I also dived into your runtime::invoke implementation and also got the thought of first mapping all the types (once) to a tuple-to-array of fields that only match the reflectable criteria and then to loop only through that list for matching field names.

Any thoughts on this?

Not sure what that problem with that code you're mentioning was, but please consider opening another issue.

I added initially some debugging marks/printouts and the template instantiation for the fmt::format failed for types in branches that were supposed to ensure that they are entered only for printable (primitive) types and were also invoked for the nested structs. I guess that this is also related to the mixed evaluation of constexpr and run-time conditions. Removing thestatic_assert` seem to bypass this specific issue but is more symptomatic than the actual cause.

In any case, need to find and spend more time on this ... for the time being, I am engulfed in admin issues ...

@veselink1 thanks again for your quick help! Much appreciated! :+1:

N.B. you may close this issue if you haven't any further hints/suggestions...

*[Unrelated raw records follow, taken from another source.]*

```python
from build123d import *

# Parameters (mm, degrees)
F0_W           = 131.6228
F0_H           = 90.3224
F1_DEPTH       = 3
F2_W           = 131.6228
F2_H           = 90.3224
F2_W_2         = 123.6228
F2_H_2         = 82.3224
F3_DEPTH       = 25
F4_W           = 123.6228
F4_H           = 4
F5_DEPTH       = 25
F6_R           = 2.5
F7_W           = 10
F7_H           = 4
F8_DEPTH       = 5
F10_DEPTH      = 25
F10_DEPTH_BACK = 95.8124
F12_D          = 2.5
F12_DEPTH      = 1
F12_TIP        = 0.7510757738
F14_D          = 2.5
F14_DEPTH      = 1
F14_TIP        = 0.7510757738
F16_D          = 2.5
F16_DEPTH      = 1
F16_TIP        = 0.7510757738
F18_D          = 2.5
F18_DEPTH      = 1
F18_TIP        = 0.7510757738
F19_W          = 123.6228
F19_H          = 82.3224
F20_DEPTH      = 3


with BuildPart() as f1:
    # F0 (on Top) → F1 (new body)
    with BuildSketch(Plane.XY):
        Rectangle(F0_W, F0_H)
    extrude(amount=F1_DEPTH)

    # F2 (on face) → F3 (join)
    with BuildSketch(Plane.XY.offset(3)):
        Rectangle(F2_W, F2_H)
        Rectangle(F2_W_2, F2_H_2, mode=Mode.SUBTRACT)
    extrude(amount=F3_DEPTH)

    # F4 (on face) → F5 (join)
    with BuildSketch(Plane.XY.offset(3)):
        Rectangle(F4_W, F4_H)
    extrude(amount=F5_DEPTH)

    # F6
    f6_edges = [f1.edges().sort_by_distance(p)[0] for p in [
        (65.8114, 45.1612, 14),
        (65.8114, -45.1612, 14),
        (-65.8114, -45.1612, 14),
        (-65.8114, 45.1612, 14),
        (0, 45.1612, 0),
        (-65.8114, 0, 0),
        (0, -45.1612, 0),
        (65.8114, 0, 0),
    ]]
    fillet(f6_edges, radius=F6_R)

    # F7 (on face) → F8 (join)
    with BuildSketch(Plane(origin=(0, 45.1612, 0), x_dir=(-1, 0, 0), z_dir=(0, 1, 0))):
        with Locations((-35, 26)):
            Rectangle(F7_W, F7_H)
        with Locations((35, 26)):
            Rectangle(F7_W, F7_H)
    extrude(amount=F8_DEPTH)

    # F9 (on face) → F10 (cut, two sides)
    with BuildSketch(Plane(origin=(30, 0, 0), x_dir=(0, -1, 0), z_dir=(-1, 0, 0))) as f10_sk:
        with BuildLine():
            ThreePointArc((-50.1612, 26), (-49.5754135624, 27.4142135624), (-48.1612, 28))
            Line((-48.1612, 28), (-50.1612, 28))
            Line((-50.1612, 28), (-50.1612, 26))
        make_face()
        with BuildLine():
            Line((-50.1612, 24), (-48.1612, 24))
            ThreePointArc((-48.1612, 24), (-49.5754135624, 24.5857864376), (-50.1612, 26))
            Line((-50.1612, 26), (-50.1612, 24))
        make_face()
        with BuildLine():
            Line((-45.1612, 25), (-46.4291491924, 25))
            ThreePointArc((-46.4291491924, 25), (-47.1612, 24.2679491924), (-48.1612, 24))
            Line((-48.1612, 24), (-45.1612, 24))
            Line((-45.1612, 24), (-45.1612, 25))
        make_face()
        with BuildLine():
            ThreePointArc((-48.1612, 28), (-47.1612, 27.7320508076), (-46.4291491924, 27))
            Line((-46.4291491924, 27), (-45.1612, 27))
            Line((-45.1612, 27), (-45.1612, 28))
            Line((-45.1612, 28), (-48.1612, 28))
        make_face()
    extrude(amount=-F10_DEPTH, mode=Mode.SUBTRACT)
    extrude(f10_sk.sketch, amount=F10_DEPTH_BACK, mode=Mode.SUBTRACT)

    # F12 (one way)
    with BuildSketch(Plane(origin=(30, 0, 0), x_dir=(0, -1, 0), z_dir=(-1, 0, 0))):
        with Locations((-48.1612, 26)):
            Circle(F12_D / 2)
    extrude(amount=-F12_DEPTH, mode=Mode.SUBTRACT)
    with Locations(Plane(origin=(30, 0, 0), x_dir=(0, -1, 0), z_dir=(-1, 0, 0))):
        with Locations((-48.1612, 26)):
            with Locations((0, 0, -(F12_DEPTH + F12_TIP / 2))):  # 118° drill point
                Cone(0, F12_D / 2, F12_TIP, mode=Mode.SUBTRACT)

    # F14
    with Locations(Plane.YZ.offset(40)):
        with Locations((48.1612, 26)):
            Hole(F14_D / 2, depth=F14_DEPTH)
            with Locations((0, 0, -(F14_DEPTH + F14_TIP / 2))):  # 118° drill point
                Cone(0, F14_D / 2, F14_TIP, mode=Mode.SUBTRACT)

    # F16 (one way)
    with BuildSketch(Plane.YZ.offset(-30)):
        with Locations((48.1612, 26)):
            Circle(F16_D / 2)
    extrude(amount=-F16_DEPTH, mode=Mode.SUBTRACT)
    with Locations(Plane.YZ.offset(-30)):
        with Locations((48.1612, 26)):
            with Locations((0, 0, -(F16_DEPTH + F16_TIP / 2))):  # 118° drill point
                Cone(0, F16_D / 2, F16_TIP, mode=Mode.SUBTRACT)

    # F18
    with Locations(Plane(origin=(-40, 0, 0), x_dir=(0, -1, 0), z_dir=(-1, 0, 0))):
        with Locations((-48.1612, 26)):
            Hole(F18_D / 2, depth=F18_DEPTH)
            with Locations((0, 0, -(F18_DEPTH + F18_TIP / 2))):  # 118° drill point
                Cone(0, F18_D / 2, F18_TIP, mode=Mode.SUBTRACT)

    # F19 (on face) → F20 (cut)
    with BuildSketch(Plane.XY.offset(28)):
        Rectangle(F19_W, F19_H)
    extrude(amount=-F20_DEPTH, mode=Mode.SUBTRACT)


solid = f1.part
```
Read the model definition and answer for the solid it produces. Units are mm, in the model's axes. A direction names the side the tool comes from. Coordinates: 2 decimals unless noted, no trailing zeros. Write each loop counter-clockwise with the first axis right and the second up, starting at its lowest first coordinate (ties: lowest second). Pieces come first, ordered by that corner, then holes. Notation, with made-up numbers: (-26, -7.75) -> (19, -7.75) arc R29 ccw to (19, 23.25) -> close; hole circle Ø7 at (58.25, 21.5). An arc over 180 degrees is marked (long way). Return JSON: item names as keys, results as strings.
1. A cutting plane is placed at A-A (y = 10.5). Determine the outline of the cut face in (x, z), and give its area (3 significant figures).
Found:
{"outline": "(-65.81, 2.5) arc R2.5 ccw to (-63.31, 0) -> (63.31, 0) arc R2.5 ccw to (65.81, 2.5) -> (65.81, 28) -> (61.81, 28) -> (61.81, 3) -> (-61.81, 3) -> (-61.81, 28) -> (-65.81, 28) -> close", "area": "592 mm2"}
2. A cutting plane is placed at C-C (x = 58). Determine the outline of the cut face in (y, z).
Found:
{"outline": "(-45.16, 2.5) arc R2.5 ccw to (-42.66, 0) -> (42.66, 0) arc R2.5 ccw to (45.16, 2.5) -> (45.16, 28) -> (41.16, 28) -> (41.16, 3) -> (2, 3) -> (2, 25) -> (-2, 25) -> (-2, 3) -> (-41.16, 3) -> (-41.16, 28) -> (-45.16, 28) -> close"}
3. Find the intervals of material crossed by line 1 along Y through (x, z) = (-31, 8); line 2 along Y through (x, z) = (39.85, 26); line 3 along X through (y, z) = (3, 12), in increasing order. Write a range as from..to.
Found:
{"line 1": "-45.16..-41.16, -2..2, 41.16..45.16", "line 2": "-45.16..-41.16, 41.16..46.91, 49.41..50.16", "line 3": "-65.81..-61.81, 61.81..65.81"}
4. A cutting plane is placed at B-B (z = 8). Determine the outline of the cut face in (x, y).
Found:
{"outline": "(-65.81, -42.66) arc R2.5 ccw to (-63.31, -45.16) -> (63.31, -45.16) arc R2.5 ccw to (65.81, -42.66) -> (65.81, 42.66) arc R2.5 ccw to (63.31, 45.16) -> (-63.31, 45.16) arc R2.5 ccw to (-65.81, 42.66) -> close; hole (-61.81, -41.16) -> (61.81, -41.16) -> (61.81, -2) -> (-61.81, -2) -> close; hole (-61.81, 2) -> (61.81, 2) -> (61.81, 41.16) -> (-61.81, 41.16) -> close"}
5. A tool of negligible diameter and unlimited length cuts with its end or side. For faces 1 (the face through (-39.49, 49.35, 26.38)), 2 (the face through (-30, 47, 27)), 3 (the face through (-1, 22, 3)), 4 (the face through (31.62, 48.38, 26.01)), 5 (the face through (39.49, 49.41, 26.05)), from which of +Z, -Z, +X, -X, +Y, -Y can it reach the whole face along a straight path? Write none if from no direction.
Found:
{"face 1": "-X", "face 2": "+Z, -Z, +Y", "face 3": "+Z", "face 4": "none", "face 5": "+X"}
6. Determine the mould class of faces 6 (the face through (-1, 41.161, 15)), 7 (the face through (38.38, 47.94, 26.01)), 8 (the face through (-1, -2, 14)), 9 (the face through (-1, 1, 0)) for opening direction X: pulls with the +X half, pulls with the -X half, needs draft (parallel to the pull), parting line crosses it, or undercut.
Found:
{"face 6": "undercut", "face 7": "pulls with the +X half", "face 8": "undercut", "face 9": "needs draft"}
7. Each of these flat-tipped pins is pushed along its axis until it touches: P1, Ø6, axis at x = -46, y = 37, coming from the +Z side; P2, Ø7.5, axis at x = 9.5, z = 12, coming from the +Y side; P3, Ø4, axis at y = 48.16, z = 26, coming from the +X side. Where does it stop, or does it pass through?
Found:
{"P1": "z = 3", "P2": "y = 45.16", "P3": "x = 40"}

RalphSteinhagen commented 3 years ago

@veselink1 found a practical (ie. good-enough) solution which combines the example you posted earlier and if constexpr (...) that narrows the if/else branches during compile-time to only the nested/reflectable classes:

int32_t searchIndex = -1;
try {
    searchIndex = static_cast<uint64_t>(findMemberIndex<T>(fieldName));
} catch (std::out_of_range &e) {
    // error handling for missing/extra unknown fields etc
}

if (intDataType == yas::getDataTypeId<START_MARKER>()) {
    // reached start of sub-structure -> dive into nested class
    for_each(refl::reflect<T>().members, [&buffer, &value, &depth, searchIndex](auto member, int32_t index) {
        using MemberType   = std::remove_reference_t<decltype(member(value))>;
        if constexpr (isReflectableClass<MemberType>()) { // should be evaluated during compile-time
            if (index == searchIndex) {
               deserialise(buffer, member(value), depth + 1);
            }
        }
    });
    buffer.position() = dataEndPosition;
    continue;
}

// handling copying data into member fields with '!isReflectableClass<MemberType>()' logic

At least the if constrexpr pretty much solved the issues I mentioned above. Haven't done any in-depth performance evaluation but the code is short... which bodes well. Thanks again for your help and hints!